Although blast liquefaction studies have shown that vertical drains greatly increase the rate of drainage under field conditions, they have not prevented liquefaction. In addition, it is difficult to compare pore pressure development during blasting and an earthquake. At present, no direct field or laboratory data is available to confirm whether or not the drains have the ability to limit pore pressures and resulting settlement to acceptable levels. However, shaking table tests can be conducted with a large shear box (20 ft high, 9 ft wide, 16 ft long) containing drains at SUNY-Buffalo and compared with identical testing currently underway for another funded study. Tests will be performed at progressively higher acceleration levels and durations to allow comparison of performance (pore pressure & settlement) for earthquake conditions.

Perform shaking table tests on sandy soils with vertical drains installed to confirm whether or not the drains have the ability to limit pore pressures and resulting settlement to acceptable levels during the earthquake event. Three objectives are outlined for this study: 1. Evaluate the ability of earthquake drains to reduce excess pore pressure and settlement for level ground conditions at progressively higher acceleration levels. 2. Define the influence of drain spacing on the effectiveness of the drains for mitigating liquefaction hazard. 3. Provide well-documented case histories which can be used to calibrate/validate numerical models for predicting the performance of vertical drains.

The scope of work consists of eight specific tasks: 1. Perform a literature review to summarize the state of the art in the area of liquefaction mitigation through drainage. 2. Conduct level ground shaking table tests with drains at 4 ft spacing. 3. Conduct level ground shaking table tests with drains at 3 ft spacing. 4. Reduce the test data, analyze, and compare with previous test on untreated sand. 5. Evaluate predictive methods by comparing measured behavior with behavior computed using computer models and simplified models. 6. Prepare a final report on effectiveness of the drain technique. 7. Disseminate the research results. 8. Hold technical advisory committee meetings.
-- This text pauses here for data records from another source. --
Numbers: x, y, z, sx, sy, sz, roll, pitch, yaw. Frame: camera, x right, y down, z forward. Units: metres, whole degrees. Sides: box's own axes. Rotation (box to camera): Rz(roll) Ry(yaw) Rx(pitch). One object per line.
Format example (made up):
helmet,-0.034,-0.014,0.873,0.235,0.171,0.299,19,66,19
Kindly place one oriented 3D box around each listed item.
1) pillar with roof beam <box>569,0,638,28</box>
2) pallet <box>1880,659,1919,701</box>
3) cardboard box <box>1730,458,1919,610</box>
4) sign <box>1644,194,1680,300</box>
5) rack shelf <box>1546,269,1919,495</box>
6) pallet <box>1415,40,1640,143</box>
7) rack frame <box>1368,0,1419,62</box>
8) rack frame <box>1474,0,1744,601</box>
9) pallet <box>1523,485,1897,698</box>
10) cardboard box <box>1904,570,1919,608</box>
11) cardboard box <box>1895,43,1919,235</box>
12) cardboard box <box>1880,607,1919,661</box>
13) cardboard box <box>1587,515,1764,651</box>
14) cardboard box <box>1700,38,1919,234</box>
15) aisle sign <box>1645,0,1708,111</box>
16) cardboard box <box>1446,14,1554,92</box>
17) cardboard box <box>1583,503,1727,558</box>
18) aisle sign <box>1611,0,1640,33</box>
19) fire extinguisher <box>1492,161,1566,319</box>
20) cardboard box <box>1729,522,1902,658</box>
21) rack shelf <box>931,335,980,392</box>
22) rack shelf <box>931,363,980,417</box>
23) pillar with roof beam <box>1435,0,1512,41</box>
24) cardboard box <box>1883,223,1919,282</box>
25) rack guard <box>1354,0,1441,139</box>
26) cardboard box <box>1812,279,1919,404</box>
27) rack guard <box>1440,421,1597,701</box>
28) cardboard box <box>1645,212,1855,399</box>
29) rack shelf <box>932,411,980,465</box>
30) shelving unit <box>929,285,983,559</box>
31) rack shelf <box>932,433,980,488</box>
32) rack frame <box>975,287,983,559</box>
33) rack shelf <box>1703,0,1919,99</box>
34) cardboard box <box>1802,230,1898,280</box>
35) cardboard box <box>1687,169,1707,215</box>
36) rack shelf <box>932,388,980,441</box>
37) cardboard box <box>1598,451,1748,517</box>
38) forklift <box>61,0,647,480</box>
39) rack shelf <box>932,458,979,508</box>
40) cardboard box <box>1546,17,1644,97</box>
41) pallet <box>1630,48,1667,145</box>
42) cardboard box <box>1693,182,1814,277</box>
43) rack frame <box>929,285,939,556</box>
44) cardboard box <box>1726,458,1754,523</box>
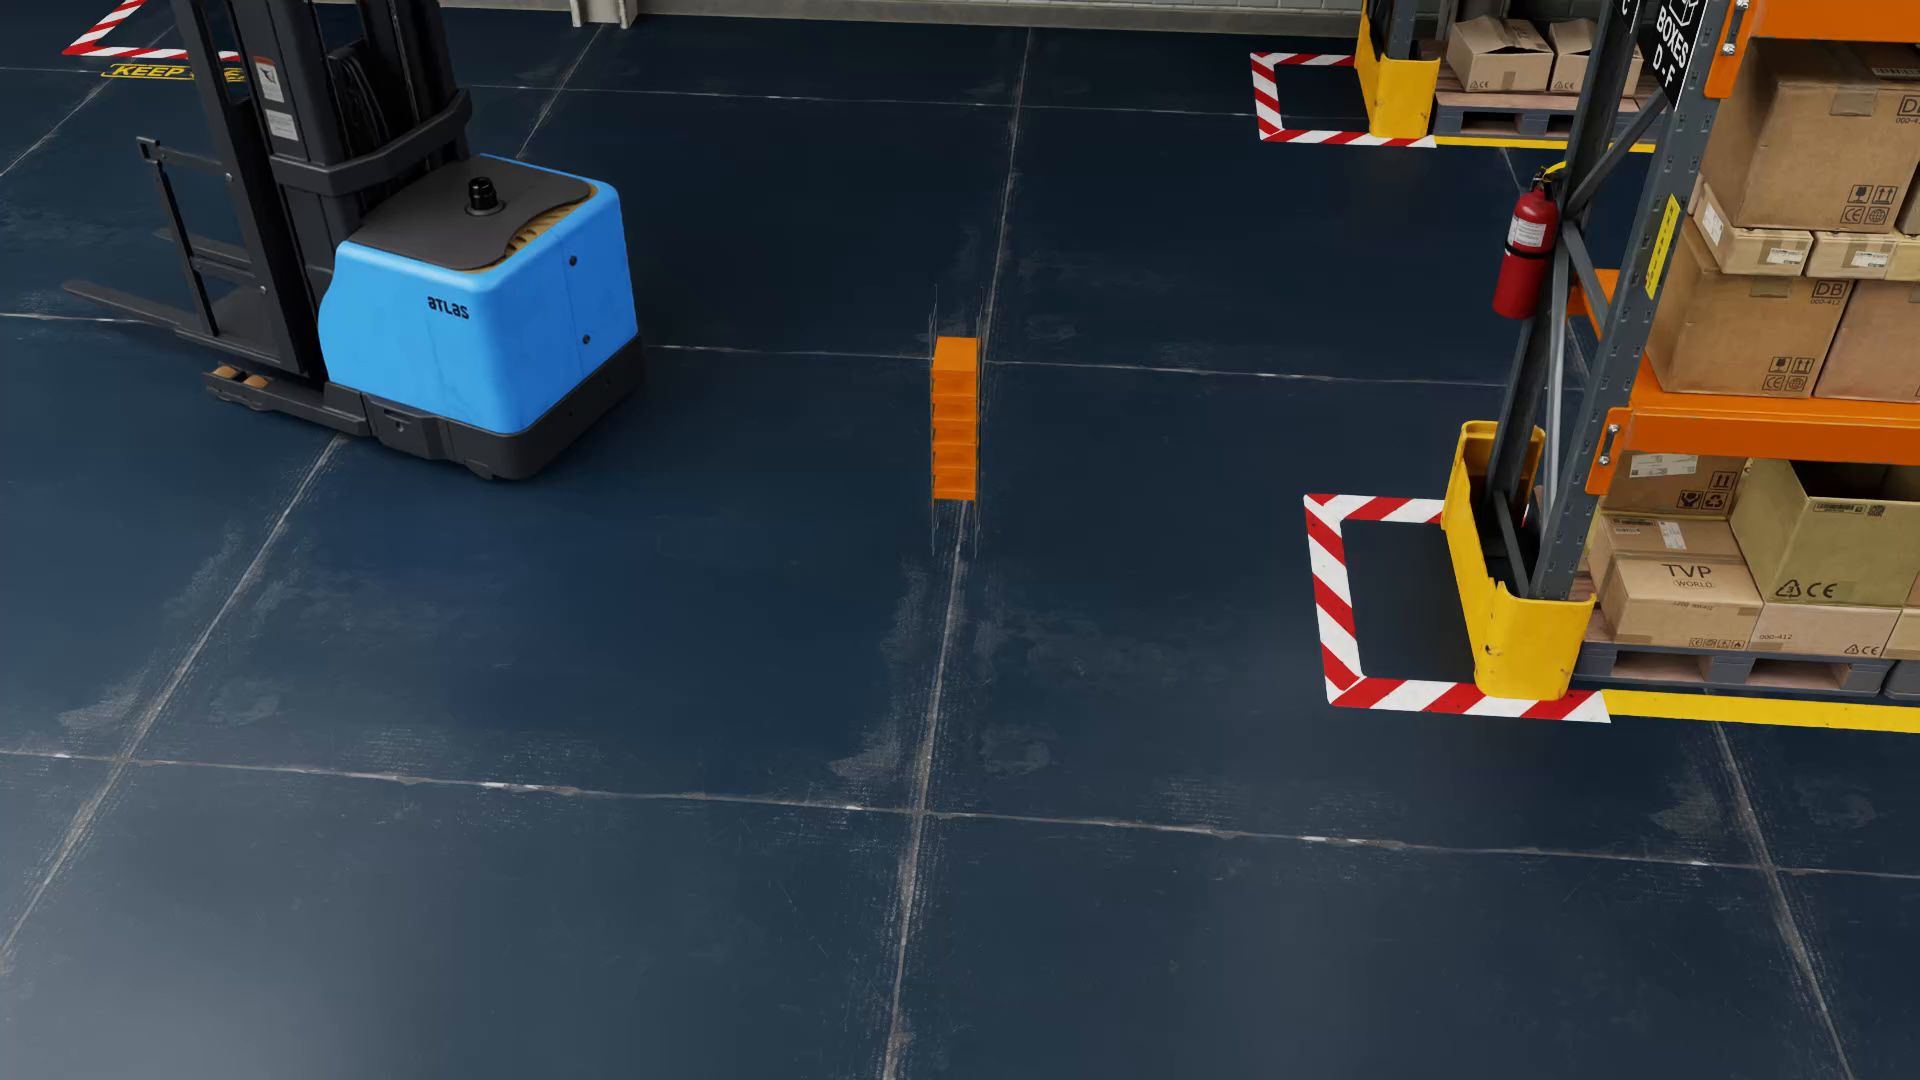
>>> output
pillar with roof beam,-2.879,-4.476,5.621,0.400,9.000,9.100,3,39,4
pallet,4.252,0.256,6.768,1.213,0.211,1.003,3,39,4
cardboard box,3.288,-0.101,6.249,0.500,0.500,0.500,3,39,4
sign,2.220,-0.926,5.263,0.005,0.325,0.100,3,39,4
rack shelf,4.267,-0.521,6.083,4.000,0.370,1.077,3,39,4
pallet,3.580,-2.872,10.611,1.213,0.211,1.003,3,39,4
rack frame,2.698,-4.024,9.818,0.127,3.000,1.000,3,39,4
rack frame,2.274,-0.909,5.990,0.127,3.000,1.000,3,39,4
pallet,3.040,0.188,6.851,1.213,0.211,1.003,3,39,4
cardboard box,3.787,-0.082,6.225,0.500,0.500,0.500,3,39,4
cardboard box,3.315,-1.389,5.473,0.500,0.500,0.700,2,39,3
cardboard box,3.786,0.217,6.453,0.500,0.250,0.500,3,39,4
cardboard box,2.789,0.164,6.518,0.500,0.250,0.500,3,39,4
cardboard box,2.791,-1.414,5.504,0.500,0.500,0.700,3,39,4
aisle sign,2.182,-1.728,4.937,0.004,0.787,0.394,3,39,4
cardboard box,3.379,-3.058,10.412,0.500,0.311,0.500,-1,39,-1
cardboard box,2.834,-0.162,6.918,0.500,0.250,0.500,3,39,4
aisle sign,2.234,-2.105,5.401,0.004,0.787,0.394,3,39,4
fire extinguisher,2.196,-1.177,6.381,0.183,0.674,0.296,3,39,4
cardboard box,3.288,0.189,6.487,0.500,0.250,0.500,3,39,4
rack shelf,-0.014,-0.711,6.673,0.180,0.103,0.258,3,39,4
rack shelf,-0.014,-0.618,6.749,0.180,0.103,0.258,3,39,4
pillar with roof beam,3.098,-4.149,5.219,0.400,9.000,9.100,3,39,4
cardboard box,3.158,-1.015,5.528,0.250,0.149,0.380,3,39,4
rack guard,2.774,-3.051,10.602,0.348,0.500,1.175,3,39,4
cardboard box,3.262,-0.888,5.886,0.500,0.500,0.700,4,39,5
rack guard,2.250,0.060,6.781,0.348,0.500,1.175,3,39,4
cardboard box,2.738,-0.914,5.917,0.500,0.500,0.700,3,39,4
rack shelf,-0.014,-0.432,6.900,0.180,0.103,0.258,3,39,4
shelving unit,-0.014,-0.466,6.872,0.189,1.200,0.258,3,39,4
rack shelf,-0.014,-0.339,6.976,0.180,0.103,0.258,3,39,4
rack frame,0.077,-0.461,6.866,0.006,1.200,0.240,3,39,4
rack shelf,4.267,-1.684,5.136,4.000,0.370,1.077,3,39,4
cardboard box,2.910,-1.029,5.545,0.250,0.149,0.380,2,39,3
cardboard box,2.671,-1.298,5.875,0.250,0.149,0.380,3,39,3
rack shelf,-0.014,-0.525,6.824,0.180,0.103,0.258,3,39,4
cardboard box,2.834,-0.454,6.683,0.500,0.500,0.500,3,39,4
forklift,-3.089,-2.042,7.437,3.031,2.935,1.130,17,42,20
rack shelf,-0.014,-0.246,7.052,0.180,0.103,0.258,3,39,4
cardboard box,3.947,-3.027,10.374,0.500,0.311,0.500,6,40,8
pallet,4.792,-2.804,10.528,1.213,0.211,1.003,3,39,4
cardboard box,2.646,-1.042,5.561,0.250,0.149,0.380,3,39,4
rack frame,-0.106,-0.471,6.878,0.006,1.200,0.240,3,39,4
cardboard box,3.333,-0.142,6.894,0.500,0.250,0.500,3,39,4

The Principal Investigator for this study will be Dr. Kyle Rollins, of Brigham Young University. Dr. Rollins has extensive experience with liquefaction mitigation studies, the use of vertical drains, and the simulation of earthquake conditions for research. This study promises to yield practical results. Vertical drains offer the potential to deal with liquefaction problems at 30 to 50% of the cost and time required with conventional densification techniques. Drains could also be used in combination with other improvement techniques where it might be difficult or too expensive to completely prevent liquefaction through densification. Drains are particularly attractive for marginal liquefaction problems or for locations where it might be economically difficult to justify the conventional densification procedure.